How to Manage the Hidden Complexities of Kubernetes
The use of containers across development, testing and production environments has skyrocketed in the last few years, in part because of new tools that make it easier to deploy, scale and manage cloud native applications. According to a survey by the Cloud Native Computing Foundation, developers have more than 100 of these tools to choose from yet 89% are using some form of Kubernetes.
Google’s open source container orchestration project certainly has its advantages — automation being one of the biggest. Kubernetes takes the intensive, time-consuming manual labor out of container management, by automating the deployment and distribution of application services, the allocation of resources for application services, application network configurations and even load balancing across distributed infrastructure. As a result, lean teams can efficiently deploy and manage a significant amount of infrastructure and teams of all sizes can do so with greater operational velocity.
Kubernetes runs containers nearly anywhere because it creates abstraction at the infrastructure layer. This improves scalability and simplifies sharing and decision-making for teams working across multiple platforms and resources — from cloud to virtual machines to bare metal. DevOps teams can focus on building applications instead of managing the underlying infrastructure. It also has built-in mechanisms for resilience, including features like high availability, automated failover, and the ability to decommission, replicate and spin up new containers and services to essentially self-heal.
Because Kubernetes is open source, there are ample resources and documentation, and teams can integrate easily with a number of other tools in the ecosystem. With all of these benefits, it’s the silver bullet we’ve all been waiting for — or is it?
Kubernetes Comes with Trade-offs
While known for its features that simplify development, the orchestration platform itself can be extremely difficult to implement and manage. Many important functions and configurations require significant time and understanding to set up. Kubernetes “out of the box” is essentially a cluster with a set of nodes to run containerized applications.
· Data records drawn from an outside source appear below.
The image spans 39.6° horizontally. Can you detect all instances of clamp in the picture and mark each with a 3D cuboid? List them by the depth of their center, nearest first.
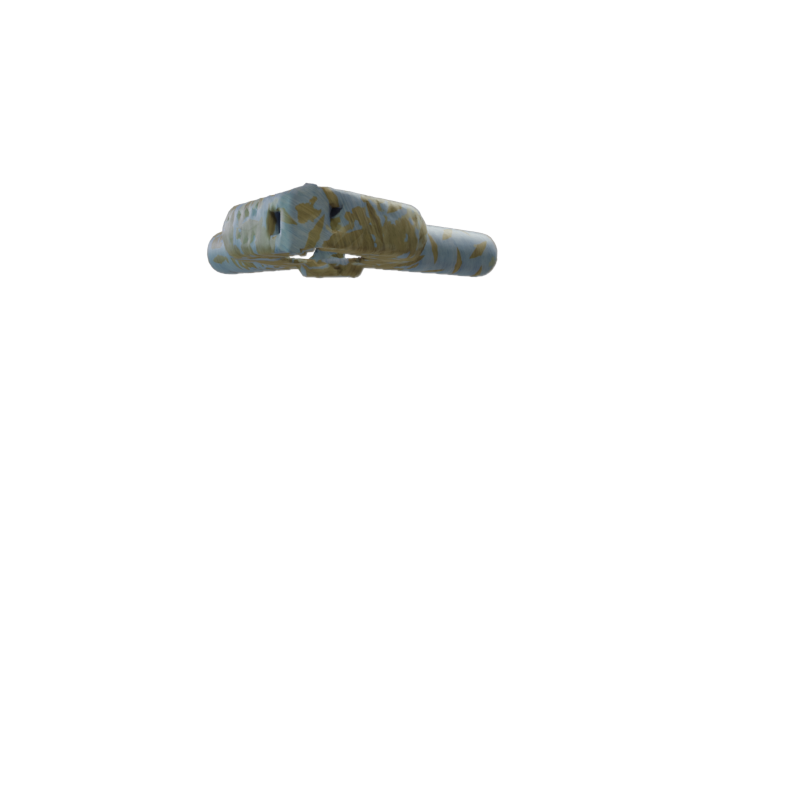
[{"bbox_3d":[-0.043,-0.079,0.551,0.167,0.036,0.206,1,3,12],"label":"clamp"}]
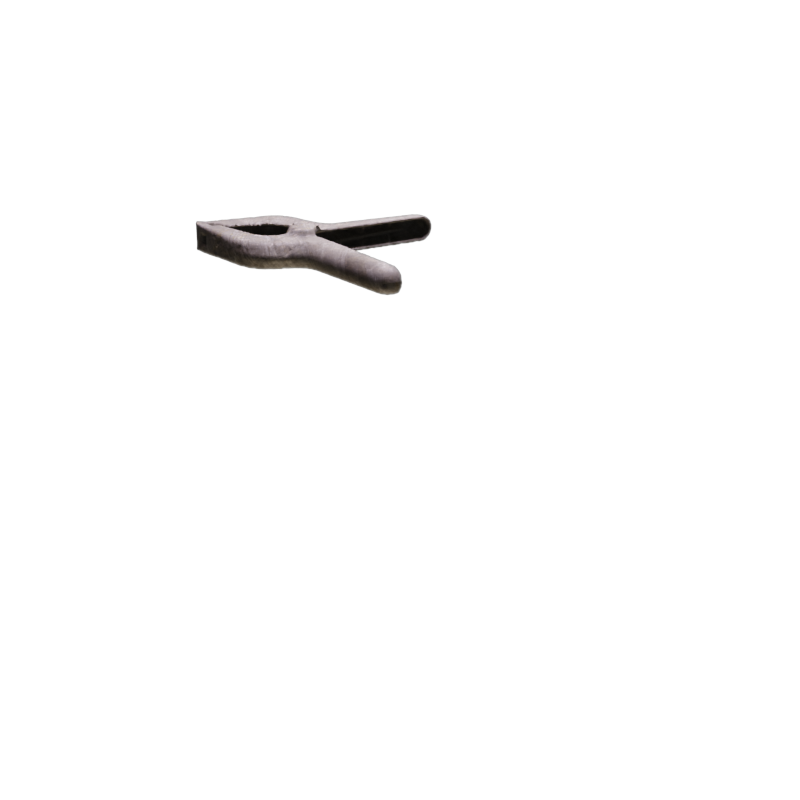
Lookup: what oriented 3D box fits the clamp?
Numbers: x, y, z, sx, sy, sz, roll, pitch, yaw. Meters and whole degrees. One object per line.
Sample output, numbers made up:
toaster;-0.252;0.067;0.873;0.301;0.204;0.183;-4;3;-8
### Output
clamp;-0.077;-0.141;0.988;0.216;0.035;0.167;8;25;18

Critical components (like DNS, user dashboard, and monitoring) are add-ons, and nearly all features require integrations through application programming interfaces. Managing this aspect alone can increase complexity exponentially because, without appropriate prioritization, surges in API calls can block important requests or crash the API server entirely.
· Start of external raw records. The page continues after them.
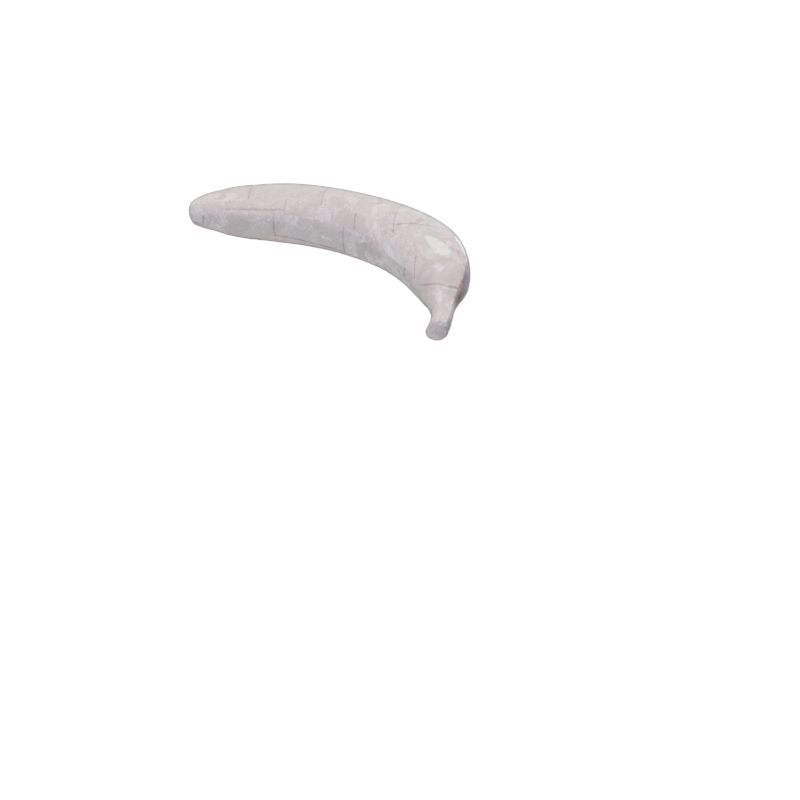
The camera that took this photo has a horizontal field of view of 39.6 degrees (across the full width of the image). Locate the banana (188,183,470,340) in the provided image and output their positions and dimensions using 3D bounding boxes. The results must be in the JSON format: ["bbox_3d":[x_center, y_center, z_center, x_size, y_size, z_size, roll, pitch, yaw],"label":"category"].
[{"bbox_3d":[-0.031,-0.090,0.604,0.069,0.035,0.211,-25,37,-38],"label":"banana"}]
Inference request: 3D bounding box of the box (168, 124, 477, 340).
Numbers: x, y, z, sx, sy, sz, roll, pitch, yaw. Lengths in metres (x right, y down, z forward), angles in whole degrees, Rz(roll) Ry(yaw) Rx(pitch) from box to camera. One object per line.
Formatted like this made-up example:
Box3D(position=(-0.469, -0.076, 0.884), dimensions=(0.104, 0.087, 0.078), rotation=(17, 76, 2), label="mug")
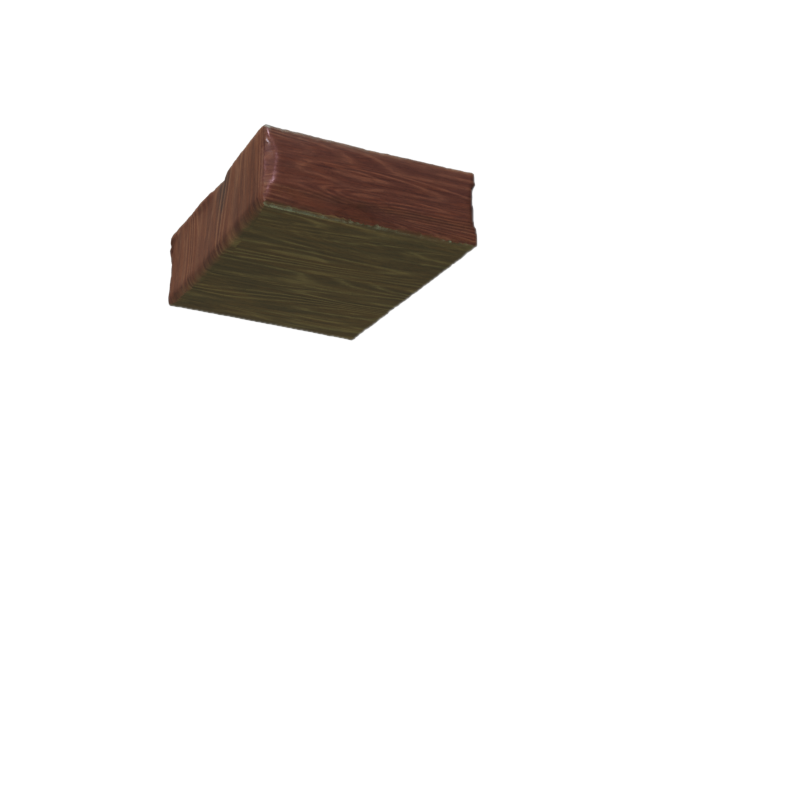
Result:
Box3D(position=(-0.029, -0.052, 0.367), dimensions=(0.070, 0.032, 0.088), rotation=(10, -22, -26), label="box")
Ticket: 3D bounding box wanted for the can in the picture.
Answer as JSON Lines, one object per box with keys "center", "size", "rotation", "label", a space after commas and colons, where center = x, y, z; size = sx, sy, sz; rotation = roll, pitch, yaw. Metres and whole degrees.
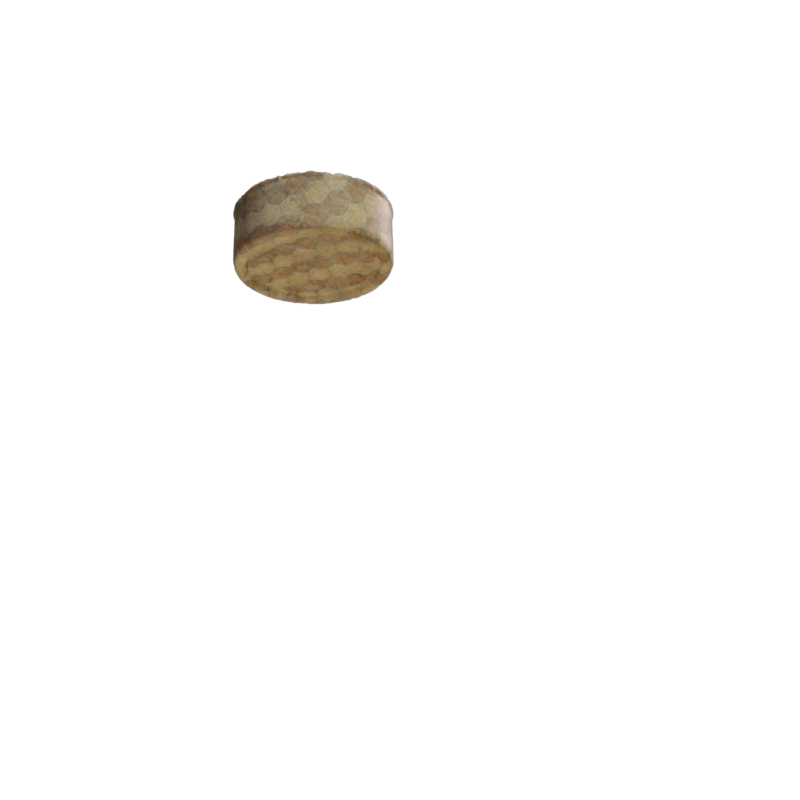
{"center": [-0.046, -0.084, 0.586], "size": [0.086, 0.036, 0.081], "rotation": [1, -25, -2], "label": "can"}
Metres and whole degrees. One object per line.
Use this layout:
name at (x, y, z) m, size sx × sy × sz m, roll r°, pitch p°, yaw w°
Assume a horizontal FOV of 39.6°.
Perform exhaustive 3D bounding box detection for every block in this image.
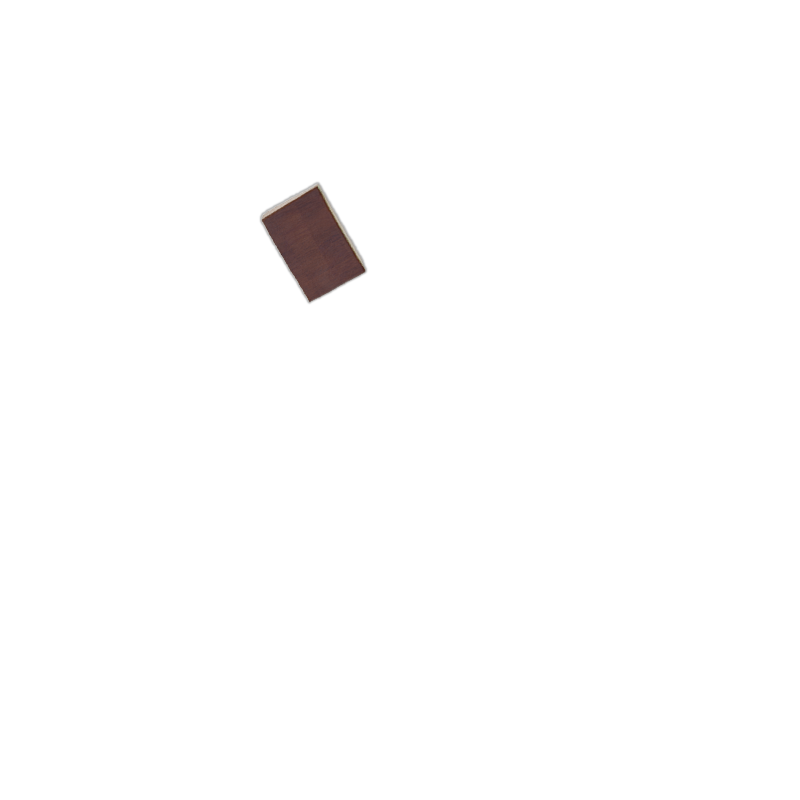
block at (-0.068, -0.124, 0.869) m, size 0.053 × 0.076 × 0.052 m, roll -29°, pitch 10°, yaw 4°
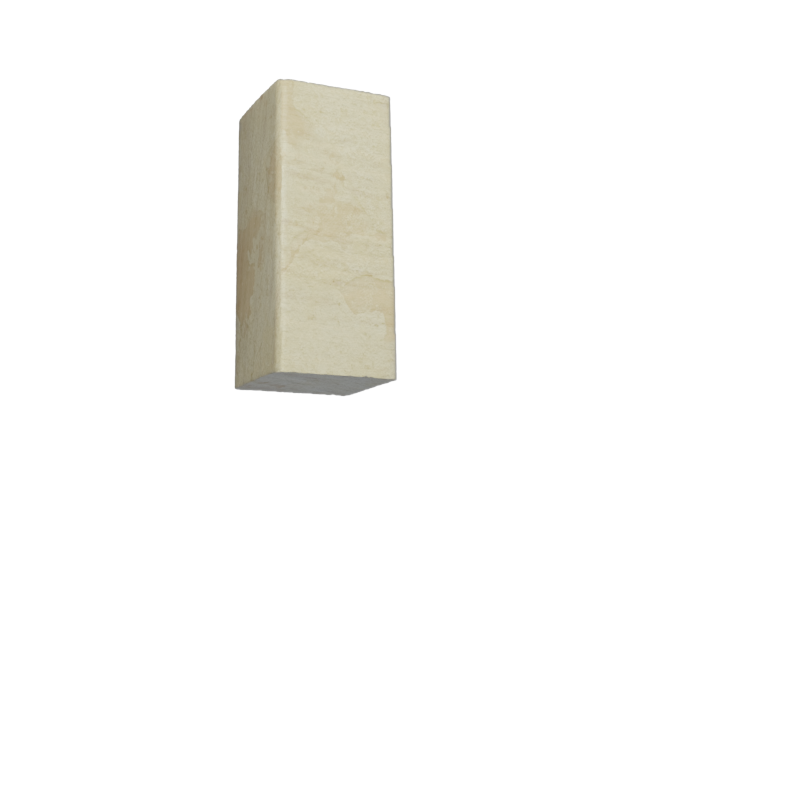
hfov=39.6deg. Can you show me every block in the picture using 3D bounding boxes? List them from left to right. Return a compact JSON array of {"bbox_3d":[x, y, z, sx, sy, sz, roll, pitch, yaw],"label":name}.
[{"bbox_3d":[-0.062,-0.114,0.796,0.088,0.214,0.090,6,-16,-25],"label":"block"}]

There are also numerous ways to implement and use Kubernetes, such as how to access clusters (service discovery) and load balancing between pods. This becomes a problem for large distributed organizations with multiple teams sharing resources. The vast array of options and approaches to managing the platform can be overwhelming, creating additional complexity and discord.
Similarly, the automation features can create problems quickly for teams that do not take the time to learn and appropriately configure their Kubernetes instance. Teams need to understand and plan for how it builds and auto-scales, how it schedules resources and how it will auto-fail when something goes wrong. The automation only saves time when it is functioning correctly, but misconfigured functions can rapidly become unmanageable and cause issues with application functionality and performance.
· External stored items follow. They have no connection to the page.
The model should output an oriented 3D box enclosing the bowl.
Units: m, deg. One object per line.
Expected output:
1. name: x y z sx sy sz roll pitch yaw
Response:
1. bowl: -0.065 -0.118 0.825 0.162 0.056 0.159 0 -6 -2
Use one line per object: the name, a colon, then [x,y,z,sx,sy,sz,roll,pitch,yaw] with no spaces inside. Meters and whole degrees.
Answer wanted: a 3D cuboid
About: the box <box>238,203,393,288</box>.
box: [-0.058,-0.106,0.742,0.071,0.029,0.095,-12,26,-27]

Because Kubernetes is about automation, users do not write instructions or commands to tell it what to do. Instead, they describe their desired state, and Kubernetes decides what to do and how to achieve.
For instance, Kubernetes implements CPU limits with CFS’s quota mechanism to run multiple tasks in parallel, equally sharing CPU. Kernel throttling is used to limit CPU cycles when an application goes beyond a set limit, which is set based on time (e.g., 100 ms) and quota. If not configured appropriately — especially in a more complex environment — it will result in high throttle rates that lead to readiness probe failures, container stalls and network timeouts. In other words, increased application errors.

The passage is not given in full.